I envisioned myself happily settling in to any of the organizations I was asking to devote my career to. I saw myself effecting change. Doing Good. I wanted — I really, thoroughly wanted — to work for a nonprofit committed to education reform.

And… no dice. My bank account and spirits dwindled.

As time went on, I started to question what it means to do Good, what was reasonable to expect out of a job, what a fulfilling life would (or could) look like, and whether I could add value to the world even if my chosen causes weren’t the basis of my professional career.

As more time went on, I felt myself increasingly pulled toward the life and work I’d given up. I found myself valuing doing work I love, and accepting that it was possible to be a positive presence in the world without spending my 9-5s dealing with the bureaucracy of the endeavor.

And in late autumn, I went back to Square One. I returned to audio, with my proverbial tail between my legs. Certain that I was making the right decision, but somewhat chagrined at it all.

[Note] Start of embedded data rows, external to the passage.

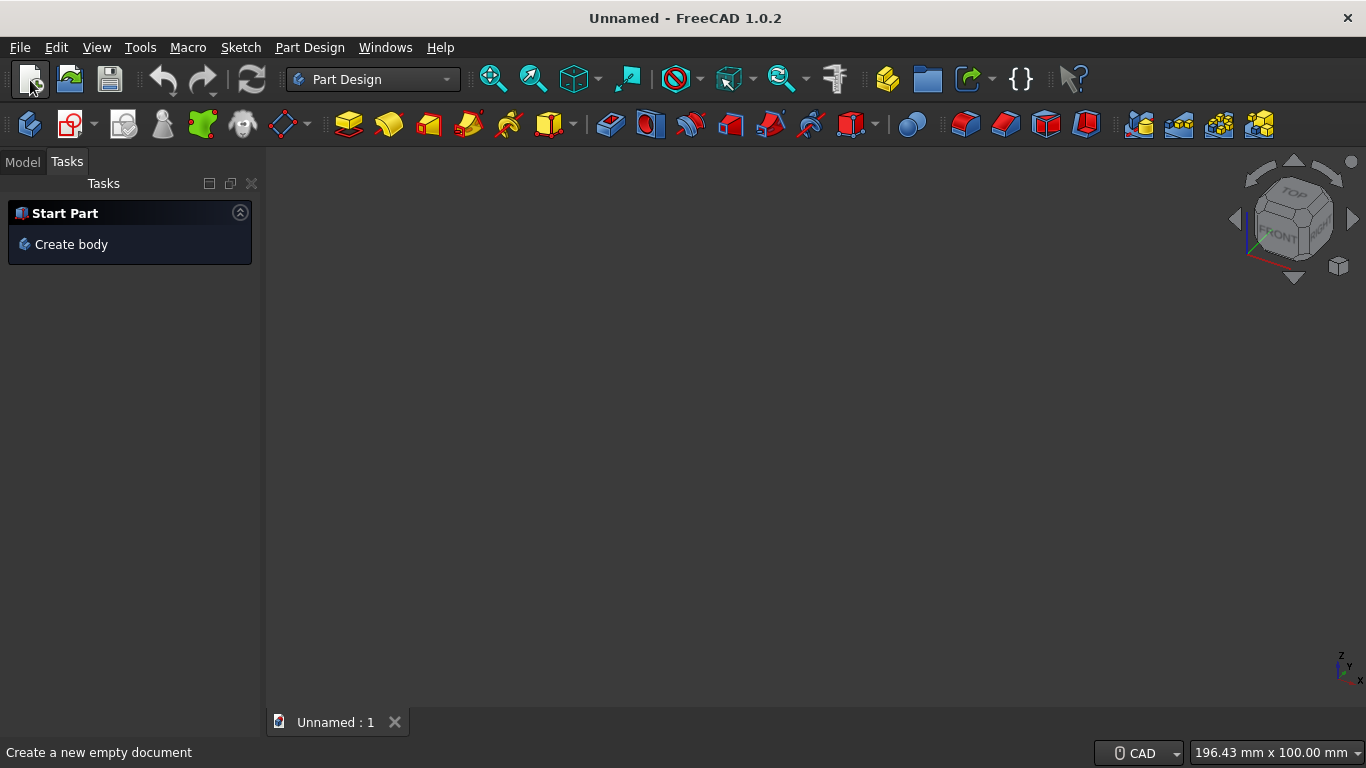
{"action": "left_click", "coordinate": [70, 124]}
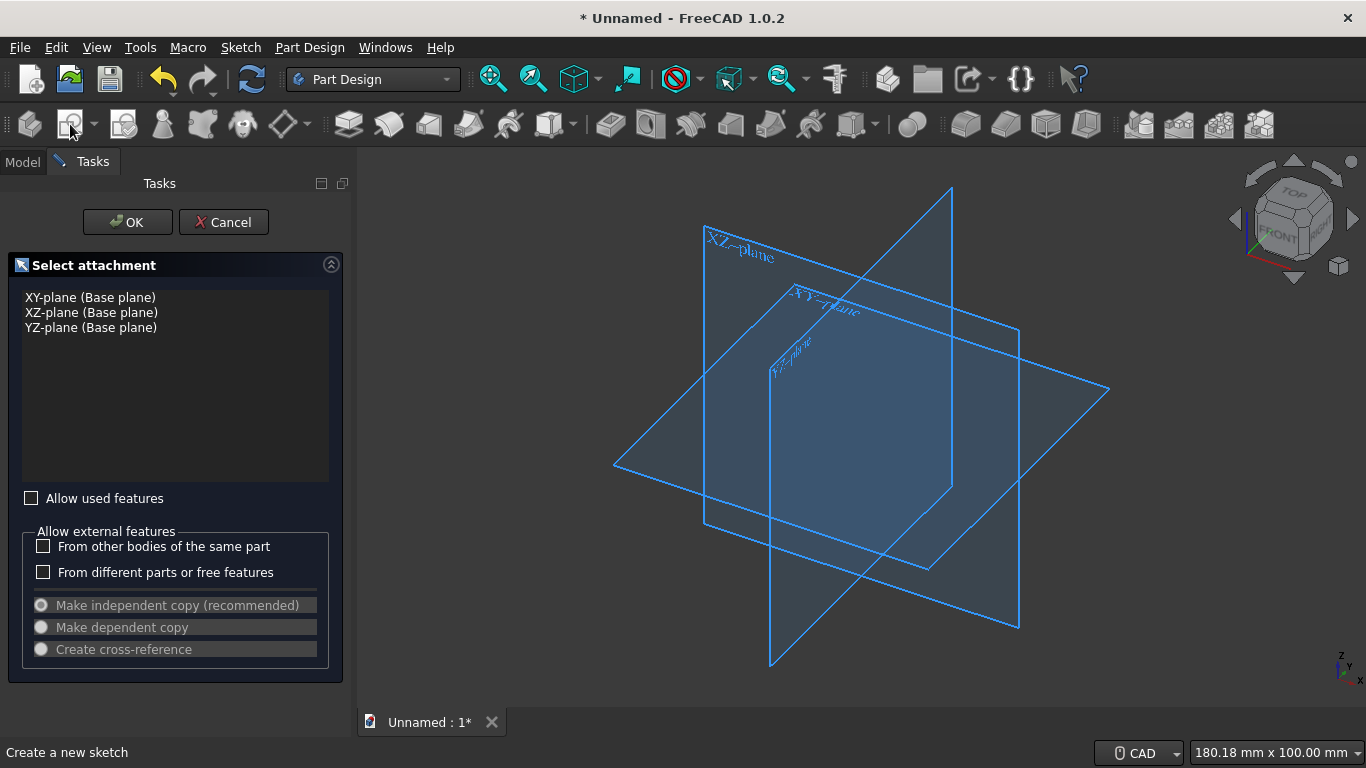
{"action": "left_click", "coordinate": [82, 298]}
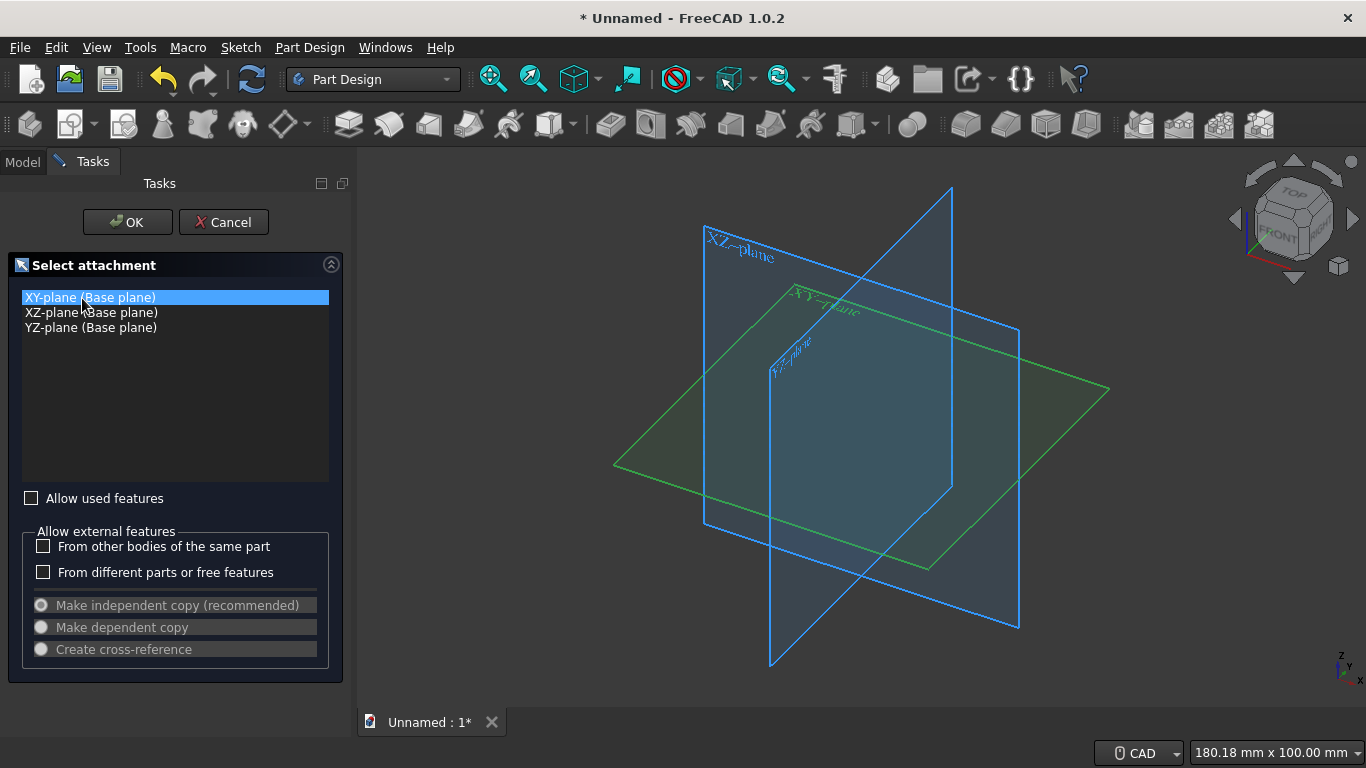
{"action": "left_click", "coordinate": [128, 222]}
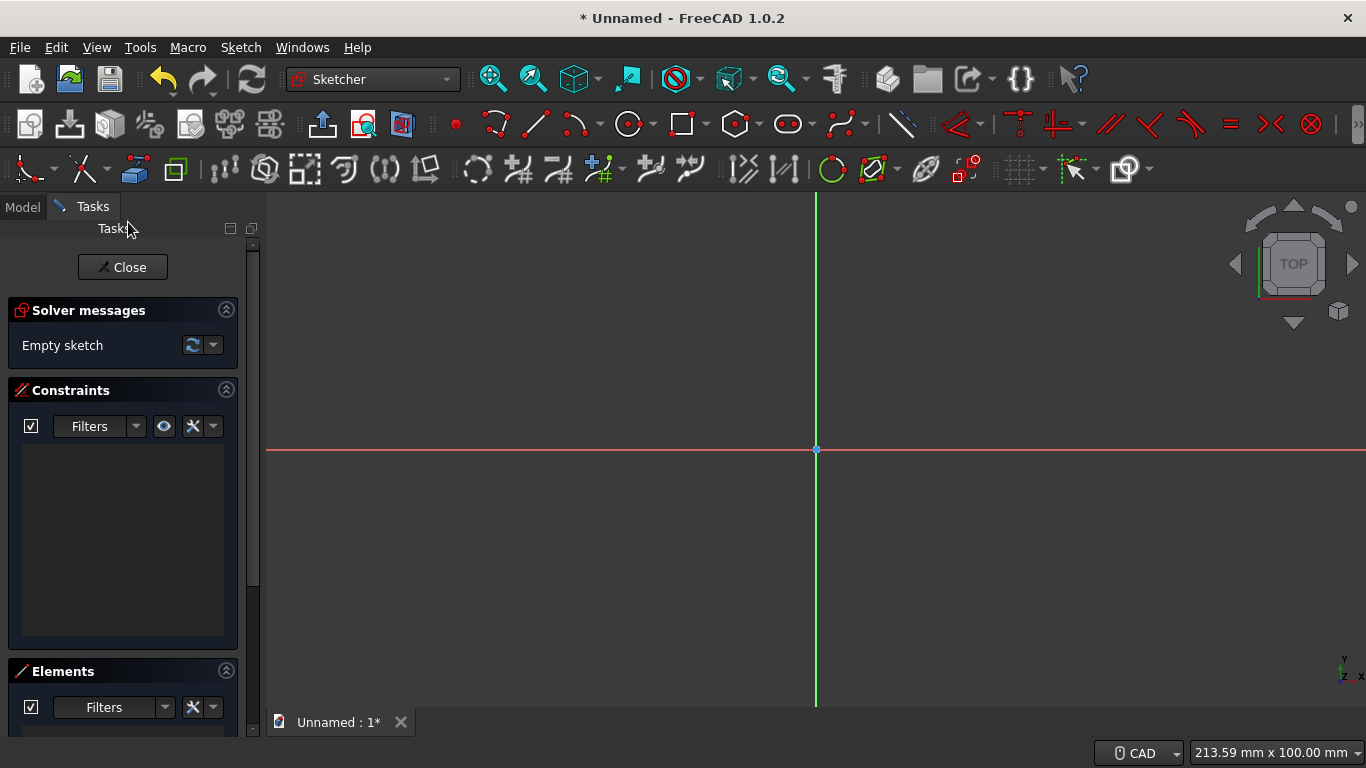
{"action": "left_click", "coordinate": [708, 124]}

The problem here is the correlation of the timeline of this decision with my failure to get into another industry. Did I only choose to go back to sound because I couldn’t get into nonprofit work? Wouldn’t I have been perfectly ecstatic to have been accepted at one of the many organizations I’d begged to take me?

At the time, I wanted to get out of the entertainment industry. I was sure of it. In retrospect, it appears as though I only thought I wanted out. The implications of this are profound: how are we ever to know whether we actually want something, or if we just think we want it?

These continue to be questions I ponder, and I can’t claim to fully be at peace with them.

But… I am happy. Really happy. I’m happy doing my work, I’m much more motivated now than I was a year-and-some-change ago, I’m focusing better and working faster, and see myself in the field long-term. I feel solid and ready to put in the thousands of hours necessary to get really freaking good at what I do.

I look back at the job interview last summer and the many, many applications and essays and organizations, and think… Thank. God. Last year was a little awful to experience, but looking back, I am extraordinarily relieved nothing else worked out.

I thought I knew what I wanted, but I was wrong.

And, like Chris, I am extremely glad I didn’t get what I thought I wanted.

It’s tricky territory, plagued with what-if’s and devil’s advocates and other annoying inconveniences of logic. But Chris’s way with words has brought me a bit closer to accepting and being thankful for what the territory is and what it isn’t, and not worrying so much about what could or would have been.